2. We cut corners to get the things we want. We want satisfaction now so we post on Facebook what we are feeling without considering the consequences. We want to finish painting so we can do something more pleasurable and so we don’t change clothes.

3. We fail to identify the core problem after we’ve made a mistake. The main reason we don’t seem to learn well from our past mistakes is that we often only regret the outcome rather than come to grips with the source of our impulsive behavior.

I feel badly that I got paint on my pullover. But, do I understand that the reason I did so is because I have a habit of trying to complete tasks as quickly as possible–laziness–rather than a habit of doing a job the right way.


Filed under christian psychology, Christianity, counseling, Psychology, Uncategorized

8 responses to “Painting in your good clothes and other self-deceptions

  1. Also, I would add that we repeat behaviors that we have failed in because sometimes we get away with it. For example, my husband has been after me to come to a complete stop at stop signs. The other day, we were close to having a small impact with another vehicle because of my behavior. Yet most of the time, I yield rather than stop and nothing bad happens. In fact, it seems almost better to me because I zoom away more quickly than if I had fully stopped (or so I tell myself). But Christ has called us to obedience every time because He knows the potential for damage is there. Thank God for His grace & also for Him providing those times of “wake up calls.” If only we’d stop hitting “snooze!”

  2. Brooke

    Wonderful…..and humbling looking in the mirror .

  3. We have to be careful so as to learn the appropriate things from these idiotic repeats in our lives so that sanctification can happen. But as the Puritans would say, sanctification is the evidence of reconciliation, and I am praising Jesus that He doesn’t reject me from reconciliation even when I’m a broken record. (It’s a fine balance, no?)

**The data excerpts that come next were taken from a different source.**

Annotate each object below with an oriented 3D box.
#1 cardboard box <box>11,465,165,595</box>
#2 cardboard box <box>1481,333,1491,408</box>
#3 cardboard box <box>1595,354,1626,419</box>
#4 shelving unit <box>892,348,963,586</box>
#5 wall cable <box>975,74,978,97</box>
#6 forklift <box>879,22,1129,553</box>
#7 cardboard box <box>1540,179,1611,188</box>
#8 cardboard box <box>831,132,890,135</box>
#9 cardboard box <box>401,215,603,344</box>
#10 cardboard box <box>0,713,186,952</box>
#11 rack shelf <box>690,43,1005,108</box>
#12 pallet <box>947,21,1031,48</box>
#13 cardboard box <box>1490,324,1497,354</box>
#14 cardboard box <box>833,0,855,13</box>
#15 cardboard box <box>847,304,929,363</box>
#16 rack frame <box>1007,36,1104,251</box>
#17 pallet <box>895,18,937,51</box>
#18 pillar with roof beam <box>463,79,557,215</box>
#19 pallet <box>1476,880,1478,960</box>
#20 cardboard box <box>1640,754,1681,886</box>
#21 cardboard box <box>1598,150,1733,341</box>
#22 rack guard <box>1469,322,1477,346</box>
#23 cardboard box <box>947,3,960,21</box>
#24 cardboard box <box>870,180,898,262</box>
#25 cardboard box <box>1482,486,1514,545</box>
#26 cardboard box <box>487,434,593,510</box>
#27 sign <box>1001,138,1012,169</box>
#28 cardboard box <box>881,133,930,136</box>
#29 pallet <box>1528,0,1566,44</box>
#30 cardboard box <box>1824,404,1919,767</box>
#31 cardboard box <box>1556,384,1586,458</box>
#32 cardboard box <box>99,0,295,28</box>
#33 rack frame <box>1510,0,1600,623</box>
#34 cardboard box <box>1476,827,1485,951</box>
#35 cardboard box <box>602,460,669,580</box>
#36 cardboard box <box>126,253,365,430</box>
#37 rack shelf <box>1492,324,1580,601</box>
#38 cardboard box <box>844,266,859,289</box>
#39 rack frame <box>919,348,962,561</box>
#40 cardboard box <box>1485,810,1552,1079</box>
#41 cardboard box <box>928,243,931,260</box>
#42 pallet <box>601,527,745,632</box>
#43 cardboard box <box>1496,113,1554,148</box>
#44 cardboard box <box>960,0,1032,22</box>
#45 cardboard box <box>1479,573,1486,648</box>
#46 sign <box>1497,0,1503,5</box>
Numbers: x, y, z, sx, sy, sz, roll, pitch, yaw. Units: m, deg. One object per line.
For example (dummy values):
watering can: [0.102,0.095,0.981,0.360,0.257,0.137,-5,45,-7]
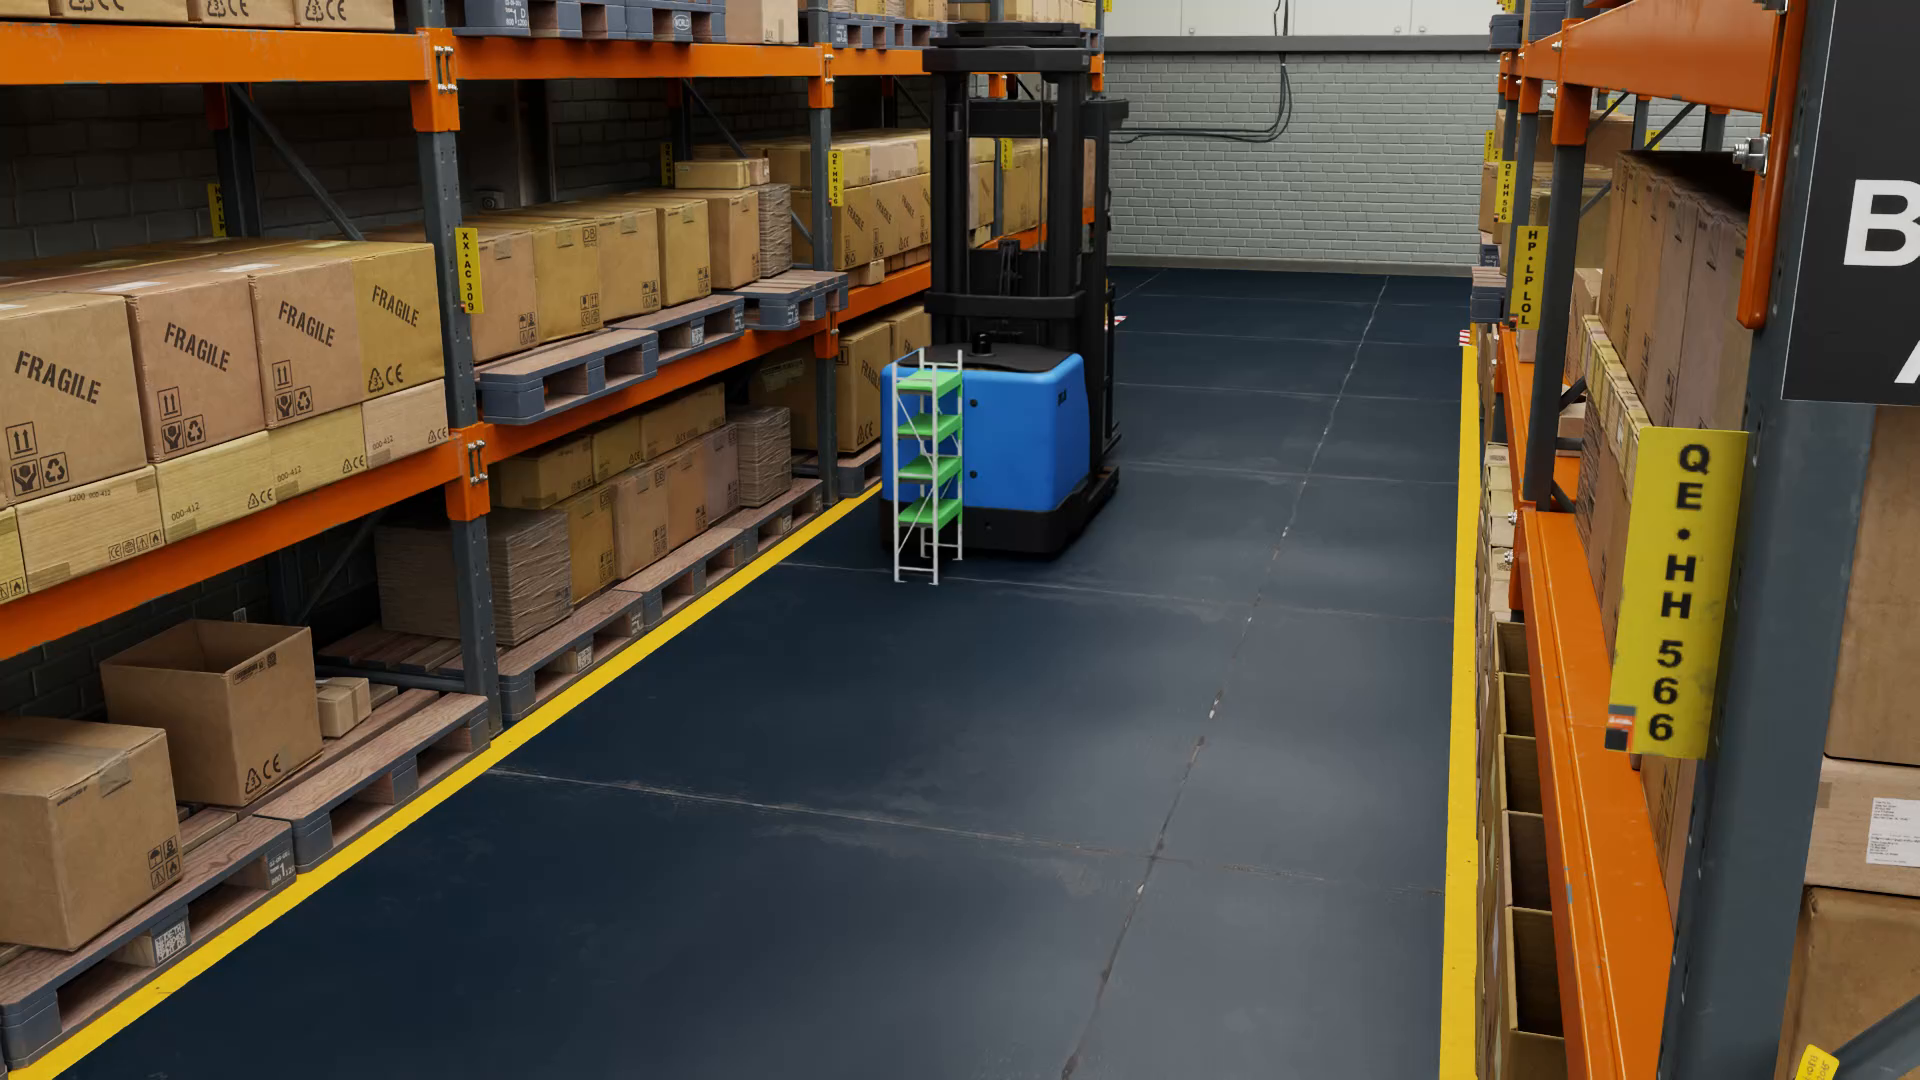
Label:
cardboard box: [-2.677,-0.055,4.763,0.500,0.250,0.500,5,17,16]
cardboard box: [4.240,-1.270,12.585,0.500,0.500,0.500,4,16,13]
cardboard box: [1.859,-0.379,4.295,0.380,0.149,0.250,4,16,15]
shelving unit: [-0.171,-0.405,9.058,0.258,1.200,0.503,4,16,15]
wall cable: [0.454,-4.695,19.025,0.084,1.984,1.851,5,16,16]
forklift: [0.422,-1.697,10.440,1.130,2.935,3.031,4,16,15]
cardboard box: [3.988,-1.970,10.326,0.700,0.500,0.500,8,18,26]
cardboard box: [-0.800,-2.944,12.574,0.500,0.250,0.500,4,16,14]
cardboard box: [-2.070,-1.195,7.555,0.700,0.500,0.500,6,17,22]
cardboard box: [-2.849,0.867,5.049,0.700,0.500,0.500,4,16,12]
rack shelf: [-0.708,-3.326,11.878,1.077,0.370,4.000,5,16,16]
pallet: [0.103,-4.365,14.389,1.003,0.211,1.213,5,16,16]
cardboard box: [3.955,-1.369,11.560,0.500,0.250,0.500,5,16,16]
cardboard box: [-1.094,-3.682,10.828,0.700,0.500,0.500,4,16,13]
cardboard box: [-0.687,-1.284,12.029,0.750,0.750,0.750,5,16,16]
rack frame: [0.997,-3.798,17.724,1.000,3.000,0.127,5,16,16]
pallet: [-0.830,-3.523,11.602,1.003,0.211,1.213,5,17,18]
pillar with roof beam: [1.652,-3.985,7.386,9.100,9.000,0.400,5,16,16]
pallet: [2.071,1.271,4.963,1.003,0.211,1.213,5,16,16]
cardboard box: [1.637,0.334,2.970,0.700,0.500,0.500,5,17,16]
cardboard box: [2.217,-0.831,4.703,0.700,0.500,0.500,5,17,16]
rack guard: [5.726,-2.193,16.644,1.175,0.500,0.348,5,16,16]
cardboard box: [-0.170,-4.570,14.270,0.500,0.250,0.500,5,17,16]
cardboard box: [-0.735,-2.150,11.146,0.500,0.500,0.500,5,17,18]
cardboard box: [2.755,-0.086,7.876,0.500,0.311,0.500,4,16,14]
cardboard box: [-2.098,-0.338,7.924,0.500,0.250,0.500,4,16,15]
sign: [0.383,-3.231,13.748,0.100,0.325,0.005,5,16,16]
cardboard box: [-0.327,-2.905,12.435,0.500,0.250,0.500,5,17,17]
pallet: [3.367,-2.490,7.960,1.213,0.211,1.003,5,17,18]
cardboard box: [1.360,-0.036,1.900,0.700,0.500,0.500,5,16,16]
cardboard box: [2.411,-0.455,6.184,0.396,0.266,0.258,4,16,15]
cardboard box: [-2.476,-1.877,5.233,0.500,0.500,0.500,3,16,11]
rack frame: [2.337,-0.276,5.304,1.000,3.000,0.127,5,16,16]
cardboard box: [1.768,1.073,4.818,0.500,0.250,0.500,5,16,16]
cardboard box: [-1.938,-0.131,8.570,0.700,0.500,0.500,5,17,17]
cardboard box: [-2.388,-0.678,5.588,0.500,0.500,0.500,5,16,16]
rack shelf: [2.906,-0.453,7.247,1.077,0.370,4.000,5,16,16]
cardboard box: [-0.881,-1.728,10.847,0.380,0.149,0.250,5,17,17]
rack frame: [-0.106,-0.469,9.284,0.240,1.200,0.015,4,16,15]
cardboard box: [1.481,0.974,3.794,0.500,0.500,0.500,5,16,16]
cardboard box: [-0.368,-2.201,12.517,0.380,0.149,0.250,4,16,14]
pallet: [-1.849,0.159,8.883,1.003,0.211,1.213,5,16,16]
cardboard box: [4.937,-3.448,14.472,0.500,0.500,0.500,4,16,15]
cardboard box: [0.309,-4.533,14.140,0.500,0.250,0.500,5,16,16]
cardboard box: [2.613,0.315,7.491,0.500,0.250,0.500,5,17,17]
sign: [5.227,-5.321,15.993,0.100,0.325,0.005,5,16,16]
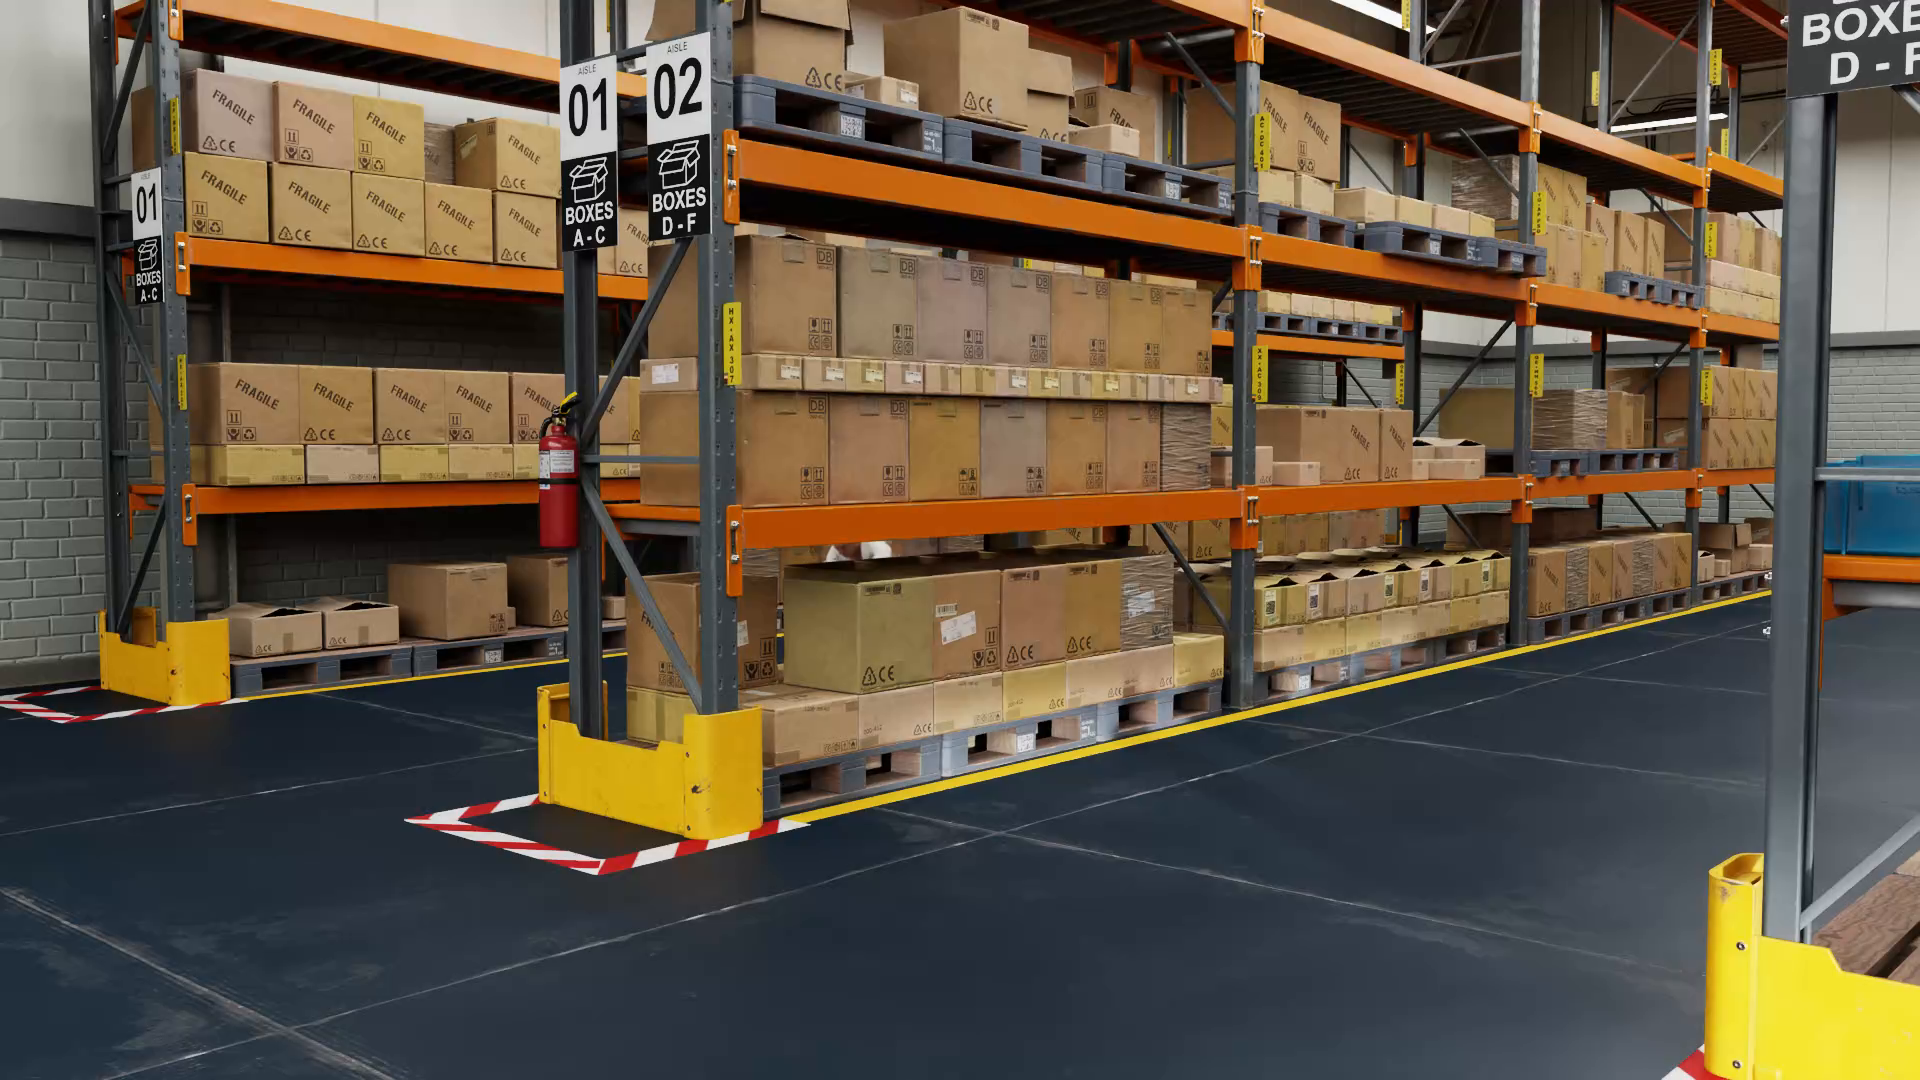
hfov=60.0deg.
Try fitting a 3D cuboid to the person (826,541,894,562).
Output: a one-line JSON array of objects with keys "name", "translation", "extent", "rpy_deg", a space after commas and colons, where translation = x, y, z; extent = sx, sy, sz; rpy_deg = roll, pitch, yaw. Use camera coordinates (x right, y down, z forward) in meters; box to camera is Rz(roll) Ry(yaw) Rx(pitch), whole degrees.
[{"name": "person", "translation": [-0.739, 0.356, 12.289], "extent": [0.586, 1.004, 0.918], "rpy_deg": [3, 5, 40]}]

    • I was just reading Psalm 51 (the Message translation):
      “I know how bad I’ve been; my sins are staring me down…enter me, then; conceive a new, true life.”

      That’ll do the trick.

  4. Henk Van Dooren

    Simple truths, and quite profound.

  5. Carm

    Hey Phil-

    Long time since I commented, but I’m still reading and enjoying the blog. Just wanted to know (on an unrelated topic) if there’s any way to remove my last name from previous posts. In an effort to not be very “Google search-able” I Googled my name and previous comments on your blog are the top searches that come up! Can we do anything about this?



  6. marilynn thornburg grimm

    I love your website ! I read every word you write. I can’t even paint my fingernails without a drop-cloth.

    I just read recently that TRADITION is another excuse for laziness! For example” but Mom, no one in the family one makes the Christmas cookies as well as you.” Well maybe it’s time someone learned!

    I was born running and talking. I was also born to be a caregiver and I am an emotional woman.

    I am getting older and simply can’t do eveything I once did! I am learning to say “NO” politely and gently so as to be a good representtive for Christ!!! Not everyone is happy about that but my creator is proud of me!!!

  7. Karen

    This reminded me of an article I read a while back – leading me to dig through my large basket of “interesting articles”. In Sept. of 2008 ScienceDaily had an article titled “Learning from Mistakes Only Works After Age 12, Study Suggests”. The article suggests that younger children respond far more to reward than punishment including the consequences to their own mistakes. But as an adult – how do you reward yourself every time you DON’T do something stupid?!